When you look at a field of waving corn, it is not the original wild corn from the upland slopes of Asia Minor. It is a new species developed by selection and cross-fertilisation to produce a bigger grain for the feeding of men and their domestic animals. Even the grass of meadow and pasture is not the wild scrub of the tundra. It has grown from selected seed, cleaned of the interloping weed and the fungal pest.
The potted plant so carefully watered and tended, even the flowers in parks and gardens, are not wild species. They are hybrids of hybrids, fed with nitrate and life. The fruits and vegetables on your table would not have existed had men not altered the course of their development. Even the wild fruit trees and the wild vegetable plants growing in the countryside are discarded stages in that development.
Wild Plants
Many of the wayside wild flowers found themselves where they are because men brought the first seeds to the area, and some of their descendants escaped and flourished where they fell. The wild parsley, the wild garlic and the wild mustard all have relations producing their spices and flavours for the modern cook. The wild vine once produced its fruit to fill the wine bottles of a vanished society. The wild flax once gave seed oil to fill the lamps of long ago: its cousin still provides fine linen for your home. The foxglove and the deadly nightshade have cured men's ills, the madder and the now wild woad have dyed his raiment.

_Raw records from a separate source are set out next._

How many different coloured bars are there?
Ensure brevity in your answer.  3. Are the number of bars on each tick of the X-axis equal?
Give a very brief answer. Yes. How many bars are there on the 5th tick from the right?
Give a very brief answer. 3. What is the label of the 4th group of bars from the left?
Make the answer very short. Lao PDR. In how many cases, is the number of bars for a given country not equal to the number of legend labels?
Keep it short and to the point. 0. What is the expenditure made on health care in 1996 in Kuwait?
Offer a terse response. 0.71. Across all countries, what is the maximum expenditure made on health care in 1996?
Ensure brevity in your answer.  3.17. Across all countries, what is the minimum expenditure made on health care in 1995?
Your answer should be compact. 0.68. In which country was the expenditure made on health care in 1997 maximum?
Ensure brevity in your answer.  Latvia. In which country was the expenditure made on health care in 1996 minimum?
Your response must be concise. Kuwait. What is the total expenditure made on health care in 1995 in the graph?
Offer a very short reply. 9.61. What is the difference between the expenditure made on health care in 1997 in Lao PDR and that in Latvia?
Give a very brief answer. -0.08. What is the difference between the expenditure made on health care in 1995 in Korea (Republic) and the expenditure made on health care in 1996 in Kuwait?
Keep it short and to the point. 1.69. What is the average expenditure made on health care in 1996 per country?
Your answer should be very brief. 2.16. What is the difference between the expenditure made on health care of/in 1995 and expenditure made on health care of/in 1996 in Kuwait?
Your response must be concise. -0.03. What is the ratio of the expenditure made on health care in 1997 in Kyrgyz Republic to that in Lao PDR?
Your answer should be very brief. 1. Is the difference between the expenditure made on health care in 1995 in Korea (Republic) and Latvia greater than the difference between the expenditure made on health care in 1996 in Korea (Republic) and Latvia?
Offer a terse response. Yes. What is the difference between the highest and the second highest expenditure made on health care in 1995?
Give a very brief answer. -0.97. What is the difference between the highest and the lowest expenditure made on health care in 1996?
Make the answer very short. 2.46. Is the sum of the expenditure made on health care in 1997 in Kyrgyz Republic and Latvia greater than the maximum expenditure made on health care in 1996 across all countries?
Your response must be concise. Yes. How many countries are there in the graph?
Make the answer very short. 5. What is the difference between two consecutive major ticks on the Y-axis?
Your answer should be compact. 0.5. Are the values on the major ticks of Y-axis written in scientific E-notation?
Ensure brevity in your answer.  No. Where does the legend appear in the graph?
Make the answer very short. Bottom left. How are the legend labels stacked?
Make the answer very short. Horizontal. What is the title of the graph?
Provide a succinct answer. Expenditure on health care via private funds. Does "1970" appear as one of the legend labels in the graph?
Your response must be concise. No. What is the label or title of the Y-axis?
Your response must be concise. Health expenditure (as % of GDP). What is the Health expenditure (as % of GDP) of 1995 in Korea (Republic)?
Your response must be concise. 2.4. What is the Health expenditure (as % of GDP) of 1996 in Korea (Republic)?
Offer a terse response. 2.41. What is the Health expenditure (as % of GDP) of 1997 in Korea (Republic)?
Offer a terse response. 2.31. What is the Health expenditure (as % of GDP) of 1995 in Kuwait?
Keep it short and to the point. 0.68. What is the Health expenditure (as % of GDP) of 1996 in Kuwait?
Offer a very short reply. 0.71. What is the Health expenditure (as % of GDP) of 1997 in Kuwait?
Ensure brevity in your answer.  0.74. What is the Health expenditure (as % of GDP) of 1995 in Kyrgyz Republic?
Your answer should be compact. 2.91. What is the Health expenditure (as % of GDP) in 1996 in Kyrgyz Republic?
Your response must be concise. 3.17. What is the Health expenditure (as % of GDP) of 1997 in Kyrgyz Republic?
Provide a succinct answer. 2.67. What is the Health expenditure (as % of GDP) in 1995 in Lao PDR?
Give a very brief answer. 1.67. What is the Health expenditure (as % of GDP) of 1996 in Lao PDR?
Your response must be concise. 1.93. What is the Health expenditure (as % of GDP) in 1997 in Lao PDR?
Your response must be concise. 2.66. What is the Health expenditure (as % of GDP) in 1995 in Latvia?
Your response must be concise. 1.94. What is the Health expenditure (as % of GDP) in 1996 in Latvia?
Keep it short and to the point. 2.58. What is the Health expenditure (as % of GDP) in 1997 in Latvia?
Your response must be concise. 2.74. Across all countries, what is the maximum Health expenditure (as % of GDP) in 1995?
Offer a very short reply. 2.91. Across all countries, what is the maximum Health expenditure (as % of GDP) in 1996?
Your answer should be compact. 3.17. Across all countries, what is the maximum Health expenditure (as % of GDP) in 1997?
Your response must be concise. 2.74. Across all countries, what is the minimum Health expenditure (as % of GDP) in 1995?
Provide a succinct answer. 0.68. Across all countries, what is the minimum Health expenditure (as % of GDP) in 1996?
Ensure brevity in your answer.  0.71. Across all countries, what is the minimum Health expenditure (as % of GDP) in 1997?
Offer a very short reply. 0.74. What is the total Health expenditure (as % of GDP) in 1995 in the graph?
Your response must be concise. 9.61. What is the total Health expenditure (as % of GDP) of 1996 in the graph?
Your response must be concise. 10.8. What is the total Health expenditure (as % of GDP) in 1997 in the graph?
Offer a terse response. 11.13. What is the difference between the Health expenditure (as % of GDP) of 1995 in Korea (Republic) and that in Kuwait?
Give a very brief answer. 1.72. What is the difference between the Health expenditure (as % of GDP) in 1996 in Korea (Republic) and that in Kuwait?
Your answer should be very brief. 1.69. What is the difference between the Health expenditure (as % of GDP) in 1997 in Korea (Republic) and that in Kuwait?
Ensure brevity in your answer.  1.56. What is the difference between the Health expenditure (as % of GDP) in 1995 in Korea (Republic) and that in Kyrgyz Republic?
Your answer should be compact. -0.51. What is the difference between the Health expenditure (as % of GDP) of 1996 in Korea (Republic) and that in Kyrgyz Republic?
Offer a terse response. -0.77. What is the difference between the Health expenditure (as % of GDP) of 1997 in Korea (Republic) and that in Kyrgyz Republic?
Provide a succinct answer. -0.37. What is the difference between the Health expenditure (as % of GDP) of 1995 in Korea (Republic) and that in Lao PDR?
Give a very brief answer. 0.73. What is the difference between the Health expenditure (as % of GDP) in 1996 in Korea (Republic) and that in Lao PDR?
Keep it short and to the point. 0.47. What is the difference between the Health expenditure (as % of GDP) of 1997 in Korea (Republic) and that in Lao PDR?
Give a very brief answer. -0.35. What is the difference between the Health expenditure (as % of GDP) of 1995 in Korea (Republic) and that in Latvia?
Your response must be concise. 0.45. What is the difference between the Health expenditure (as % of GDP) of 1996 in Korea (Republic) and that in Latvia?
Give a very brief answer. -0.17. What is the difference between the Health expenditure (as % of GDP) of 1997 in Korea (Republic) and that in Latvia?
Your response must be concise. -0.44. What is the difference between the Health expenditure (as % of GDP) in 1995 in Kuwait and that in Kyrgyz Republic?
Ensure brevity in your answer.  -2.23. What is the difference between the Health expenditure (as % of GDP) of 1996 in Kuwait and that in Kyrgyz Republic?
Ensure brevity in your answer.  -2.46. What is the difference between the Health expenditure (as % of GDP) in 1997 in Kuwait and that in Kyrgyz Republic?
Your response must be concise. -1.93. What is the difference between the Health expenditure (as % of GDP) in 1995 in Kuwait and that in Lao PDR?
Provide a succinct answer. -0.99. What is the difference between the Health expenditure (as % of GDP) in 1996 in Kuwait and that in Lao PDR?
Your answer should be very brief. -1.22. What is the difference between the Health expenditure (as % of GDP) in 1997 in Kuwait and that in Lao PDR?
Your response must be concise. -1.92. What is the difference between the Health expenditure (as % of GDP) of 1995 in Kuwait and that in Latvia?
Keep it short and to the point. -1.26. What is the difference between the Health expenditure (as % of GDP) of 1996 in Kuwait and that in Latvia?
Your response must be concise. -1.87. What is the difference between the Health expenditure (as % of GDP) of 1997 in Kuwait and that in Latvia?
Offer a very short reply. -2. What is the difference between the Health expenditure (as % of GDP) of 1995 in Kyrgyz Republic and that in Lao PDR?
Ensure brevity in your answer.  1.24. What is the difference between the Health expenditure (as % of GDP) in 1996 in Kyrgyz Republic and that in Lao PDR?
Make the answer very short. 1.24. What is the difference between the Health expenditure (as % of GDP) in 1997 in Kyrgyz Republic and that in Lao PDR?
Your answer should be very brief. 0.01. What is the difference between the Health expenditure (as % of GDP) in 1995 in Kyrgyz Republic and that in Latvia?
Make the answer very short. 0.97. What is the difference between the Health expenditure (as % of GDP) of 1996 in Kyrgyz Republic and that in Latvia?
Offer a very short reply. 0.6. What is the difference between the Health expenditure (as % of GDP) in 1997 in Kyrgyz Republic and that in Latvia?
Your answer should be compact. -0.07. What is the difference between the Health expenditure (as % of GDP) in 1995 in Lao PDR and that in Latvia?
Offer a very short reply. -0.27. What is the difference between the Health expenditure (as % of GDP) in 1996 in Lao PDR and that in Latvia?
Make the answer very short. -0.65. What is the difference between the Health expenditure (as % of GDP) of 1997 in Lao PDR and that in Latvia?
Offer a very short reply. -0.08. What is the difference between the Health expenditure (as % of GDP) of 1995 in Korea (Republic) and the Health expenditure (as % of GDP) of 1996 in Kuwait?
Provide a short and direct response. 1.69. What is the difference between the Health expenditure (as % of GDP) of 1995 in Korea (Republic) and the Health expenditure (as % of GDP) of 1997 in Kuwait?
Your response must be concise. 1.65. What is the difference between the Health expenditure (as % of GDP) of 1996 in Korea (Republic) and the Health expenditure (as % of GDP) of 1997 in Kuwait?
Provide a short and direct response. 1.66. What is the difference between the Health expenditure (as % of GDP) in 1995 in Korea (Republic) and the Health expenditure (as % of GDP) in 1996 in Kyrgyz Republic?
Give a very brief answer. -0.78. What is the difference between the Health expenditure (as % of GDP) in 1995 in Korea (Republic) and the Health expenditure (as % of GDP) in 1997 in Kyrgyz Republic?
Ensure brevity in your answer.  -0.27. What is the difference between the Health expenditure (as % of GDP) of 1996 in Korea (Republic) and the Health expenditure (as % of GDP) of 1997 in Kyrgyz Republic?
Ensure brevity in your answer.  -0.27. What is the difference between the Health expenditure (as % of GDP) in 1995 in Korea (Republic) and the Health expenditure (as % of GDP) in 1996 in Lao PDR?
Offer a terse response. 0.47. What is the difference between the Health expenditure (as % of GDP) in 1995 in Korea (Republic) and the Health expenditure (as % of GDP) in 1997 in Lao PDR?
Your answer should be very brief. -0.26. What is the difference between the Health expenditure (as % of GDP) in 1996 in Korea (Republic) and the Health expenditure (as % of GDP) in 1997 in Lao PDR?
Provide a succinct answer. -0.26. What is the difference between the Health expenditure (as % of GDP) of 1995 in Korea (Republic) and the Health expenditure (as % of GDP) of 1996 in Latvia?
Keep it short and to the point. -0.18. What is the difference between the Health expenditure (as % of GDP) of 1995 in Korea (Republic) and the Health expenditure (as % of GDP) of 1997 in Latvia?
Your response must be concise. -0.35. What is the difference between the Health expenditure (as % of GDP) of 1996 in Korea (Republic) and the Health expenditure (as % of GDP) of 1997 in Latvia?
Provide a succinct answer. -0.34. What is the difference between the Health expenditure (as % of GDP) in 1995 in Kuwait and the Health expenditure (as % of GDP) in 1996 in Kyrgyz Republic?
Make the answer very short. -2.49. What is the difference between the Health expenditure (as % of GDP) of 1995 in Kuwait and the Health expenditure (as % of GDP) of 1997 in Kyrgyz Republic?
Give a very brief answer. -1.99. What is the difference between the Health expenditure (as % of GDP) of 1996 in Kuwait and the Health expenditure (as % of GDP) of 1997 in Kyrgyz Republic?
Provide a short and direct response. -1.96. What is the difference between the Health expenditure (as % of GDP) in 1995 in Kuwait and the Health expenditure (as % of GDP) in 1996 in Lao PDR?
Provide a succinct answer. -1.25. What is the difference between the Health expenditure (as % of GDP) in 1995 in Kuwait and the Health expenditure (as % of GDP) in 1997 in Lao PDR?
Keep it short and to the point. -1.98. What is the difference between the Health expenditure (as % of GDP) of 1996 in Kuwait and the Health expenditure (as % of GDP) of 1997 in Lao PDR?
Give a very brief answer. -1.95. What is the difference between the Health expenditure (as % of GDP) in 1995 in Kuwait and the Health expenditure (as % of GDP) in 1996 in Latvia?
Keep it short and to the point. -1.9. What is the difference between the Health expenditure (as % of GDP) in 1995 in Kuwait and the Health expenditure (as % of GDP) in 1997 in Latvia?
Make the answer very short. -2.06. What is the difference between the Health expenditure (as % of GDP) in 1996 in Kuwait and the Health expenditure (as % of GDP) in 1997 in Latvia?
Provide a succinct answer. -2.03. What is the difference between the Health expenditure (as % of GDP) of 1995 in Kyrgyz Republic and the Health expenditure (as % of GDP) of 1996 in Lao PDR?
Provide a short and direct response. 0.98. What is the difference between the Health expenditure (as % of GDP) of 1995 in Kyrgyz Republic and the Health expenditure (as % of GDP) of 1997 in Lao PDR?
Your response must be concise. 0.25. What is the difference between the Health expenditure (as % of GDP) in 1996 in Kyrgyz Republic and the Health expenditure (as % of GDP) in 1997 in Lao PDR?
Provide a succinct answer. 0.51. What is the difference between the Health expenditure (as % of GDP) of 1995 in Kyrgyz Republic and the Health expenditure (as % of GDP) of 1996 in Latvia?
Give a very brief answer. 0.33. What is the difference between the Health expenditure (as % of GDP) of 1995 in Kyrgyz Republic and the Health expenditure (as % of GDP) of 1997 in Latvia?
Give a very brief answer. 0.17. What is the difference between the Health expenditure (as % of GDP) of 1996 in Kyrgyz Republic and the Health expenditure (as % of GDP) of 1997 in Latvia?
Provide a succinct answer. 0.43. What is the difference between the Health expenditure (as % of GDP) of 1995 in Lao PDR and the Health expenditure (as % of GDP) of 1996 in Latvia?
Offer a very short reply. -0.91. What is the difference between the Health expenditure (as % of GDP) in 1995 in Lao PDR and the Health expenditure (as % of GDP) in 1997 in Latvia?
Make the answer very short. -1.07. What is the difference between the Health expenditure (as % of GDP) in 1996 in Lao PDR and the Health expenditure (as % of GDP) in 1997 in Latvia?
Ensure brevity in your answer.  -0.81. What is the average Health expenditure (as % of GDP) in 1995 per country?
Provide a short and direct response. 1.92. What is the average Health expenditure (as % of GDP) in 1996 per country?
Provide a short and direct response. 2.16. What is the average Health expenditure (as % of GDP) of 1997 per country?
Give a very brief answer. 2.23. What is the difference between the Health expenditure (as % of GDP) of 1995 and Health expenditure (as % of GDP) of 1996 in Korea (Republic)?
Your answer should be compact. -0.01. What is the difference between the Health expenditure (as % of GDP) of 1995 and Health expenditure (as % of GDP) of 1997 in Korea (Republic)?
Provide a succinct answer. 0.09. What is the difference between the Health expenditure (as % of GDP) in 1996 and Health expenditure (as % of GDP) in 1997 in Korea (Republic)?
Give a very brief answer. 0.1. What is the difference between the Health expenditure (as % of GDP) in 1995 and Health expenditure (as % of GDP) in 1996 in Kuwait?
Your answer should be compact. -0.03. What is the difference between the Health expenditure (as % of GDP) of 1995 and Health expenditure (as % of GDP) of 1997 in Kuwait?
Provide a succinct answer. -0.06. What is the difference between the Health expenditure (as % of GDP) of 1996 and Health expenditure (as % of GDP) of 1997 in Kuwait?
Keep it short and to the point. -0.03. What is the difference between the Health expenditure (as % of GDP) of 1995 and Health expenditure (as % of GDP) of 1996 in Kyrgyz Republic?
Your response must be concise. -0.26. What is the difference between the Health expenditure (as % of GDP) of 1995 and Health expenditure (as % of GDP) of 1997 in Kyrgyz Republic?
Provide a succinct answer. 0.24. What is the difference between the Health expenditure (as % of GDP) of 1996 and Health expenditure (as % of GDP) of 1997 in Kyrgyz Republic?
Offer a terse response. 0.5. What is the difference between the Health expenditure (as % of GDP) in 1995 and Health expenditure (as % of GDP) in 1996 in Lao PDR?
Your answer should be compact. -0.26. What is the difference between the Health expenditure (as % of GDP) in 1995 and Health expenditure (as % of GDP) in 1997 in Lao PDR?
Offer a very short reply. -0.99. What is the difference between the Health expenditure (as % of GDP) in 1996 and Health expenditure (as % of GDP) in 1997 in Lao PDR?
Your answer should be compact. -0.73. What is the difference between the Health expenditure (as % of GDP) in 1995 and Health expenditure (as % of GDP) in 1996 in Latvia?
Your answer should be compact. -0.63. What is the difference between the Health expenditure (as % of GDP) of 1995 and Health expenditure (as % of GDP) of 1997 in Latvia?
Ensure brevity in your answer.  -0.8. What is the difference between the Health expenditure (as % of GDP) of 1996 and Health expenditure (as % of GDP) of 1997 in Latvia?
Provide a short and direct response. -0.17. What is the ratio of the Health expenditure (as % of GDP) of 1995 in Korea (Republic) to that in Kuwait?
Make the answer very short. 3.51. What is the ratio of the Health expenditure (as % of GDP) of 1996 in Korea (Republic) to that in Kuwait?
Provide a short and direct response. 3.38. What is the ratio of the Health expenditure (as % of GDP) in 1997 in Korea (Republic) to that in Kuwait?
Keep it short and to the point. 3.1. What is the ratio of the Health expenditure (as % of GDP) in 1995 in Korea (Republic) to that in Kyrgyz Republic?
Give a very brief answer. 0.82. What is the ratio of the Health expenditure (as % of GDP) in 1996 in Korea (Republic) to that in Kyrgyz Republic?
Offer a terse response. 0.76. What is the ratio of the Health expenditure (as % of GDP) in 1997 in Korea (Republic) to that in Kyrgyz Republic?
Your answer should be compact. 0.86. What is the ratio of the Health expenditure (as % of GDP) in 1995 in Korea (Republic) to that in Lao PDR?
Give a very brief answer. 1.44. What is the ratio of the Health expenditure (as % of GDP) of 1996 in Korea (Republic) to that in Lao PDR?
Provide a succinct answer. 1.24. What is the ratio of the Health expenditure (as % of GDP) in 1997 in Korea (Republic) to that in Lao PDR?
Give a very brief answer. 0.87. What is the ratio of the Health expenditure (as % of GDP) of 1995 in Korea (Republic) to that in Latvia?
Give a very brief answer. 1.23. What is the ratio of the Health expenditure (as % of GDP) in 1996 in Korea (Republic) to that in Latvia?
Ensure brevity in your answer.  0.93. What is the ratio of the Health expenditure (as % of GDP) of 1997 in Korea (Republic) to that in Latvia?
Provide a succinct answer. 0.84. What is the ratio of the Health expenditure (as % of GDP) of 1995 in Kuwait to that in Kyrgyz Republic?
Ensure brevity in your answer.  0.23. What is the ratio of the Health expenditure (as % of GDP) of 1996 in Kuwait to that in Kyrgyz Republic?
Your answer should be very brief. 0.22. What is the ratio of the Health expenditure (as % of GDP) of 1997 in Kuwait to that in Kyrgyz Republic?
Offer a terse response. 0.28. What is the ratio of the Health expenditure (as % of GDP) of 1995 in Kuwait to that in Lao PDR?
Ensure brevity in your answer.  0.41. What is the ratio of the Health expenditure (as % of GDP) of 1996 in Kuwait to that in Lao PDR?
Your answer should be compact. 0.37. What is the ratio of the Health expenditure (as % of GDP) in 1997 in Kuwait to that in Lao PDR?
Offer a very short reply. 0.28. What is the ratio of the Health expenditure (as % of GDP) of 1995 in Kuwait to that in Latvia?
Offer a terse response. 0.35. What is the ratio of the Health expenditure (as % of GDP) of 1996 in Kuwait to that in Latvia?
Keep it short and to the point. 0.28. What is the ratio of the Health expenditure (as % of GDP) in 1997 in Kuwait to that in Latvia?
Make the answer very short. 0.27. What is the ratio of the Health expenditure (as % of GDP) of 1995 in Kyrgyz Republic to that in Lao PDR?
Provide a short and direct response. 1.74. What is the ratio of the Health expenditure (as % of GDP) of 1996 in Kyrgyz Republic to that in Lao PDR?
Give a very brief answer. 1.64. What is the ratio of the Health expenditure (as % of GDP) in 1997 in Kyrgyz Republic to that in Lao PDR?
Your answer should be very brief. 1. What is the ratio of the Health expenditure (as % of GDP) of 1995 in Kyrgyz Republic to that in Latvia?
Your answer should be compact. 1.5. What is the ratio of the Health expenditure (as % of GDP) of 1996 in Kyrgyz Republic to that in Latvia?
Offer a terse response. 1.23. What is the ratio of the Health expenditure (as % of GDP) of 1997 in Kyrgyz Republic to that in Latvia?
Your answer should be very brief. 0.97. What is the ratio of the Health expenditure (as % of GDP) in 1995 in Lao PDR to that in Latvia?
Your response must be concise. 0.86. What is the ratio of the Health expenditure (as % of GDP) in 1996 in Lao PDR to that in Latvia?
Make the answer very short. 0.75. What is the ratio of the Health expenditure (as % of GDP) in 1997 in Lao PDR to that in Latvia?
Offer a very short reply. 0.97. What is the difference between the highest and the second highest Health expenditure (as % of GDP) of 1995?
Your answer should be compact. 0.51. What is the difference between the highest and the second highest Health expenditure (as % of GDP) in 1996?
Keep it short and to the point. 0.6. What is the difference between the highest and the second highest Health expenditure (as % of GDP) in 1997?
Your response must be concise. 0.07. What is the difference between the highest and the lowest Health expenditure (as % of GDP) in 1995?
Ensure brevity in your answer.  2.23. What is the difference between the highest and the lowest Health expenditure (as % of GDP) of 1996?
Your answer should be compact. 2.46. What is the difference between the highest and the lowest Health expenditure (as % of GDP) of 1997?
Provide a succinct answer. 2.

Even the mighty trees of the forest can live only where man permits them. They may stand proudly erect only as long as man finds them useful for his own devices. The history of their coming and going is told now only in the microscopic pollen grains buried deep in the layers of peat where once the wild, free forest grew. There is no part of any civilised countryside where the plants have not felt the influence of man. In the past, he may have used them with scant respect. That they have survived in such profusion reflects less credit on him than on their own cunning. Perhaps plants cannot think, but plants have the knowledge to survive.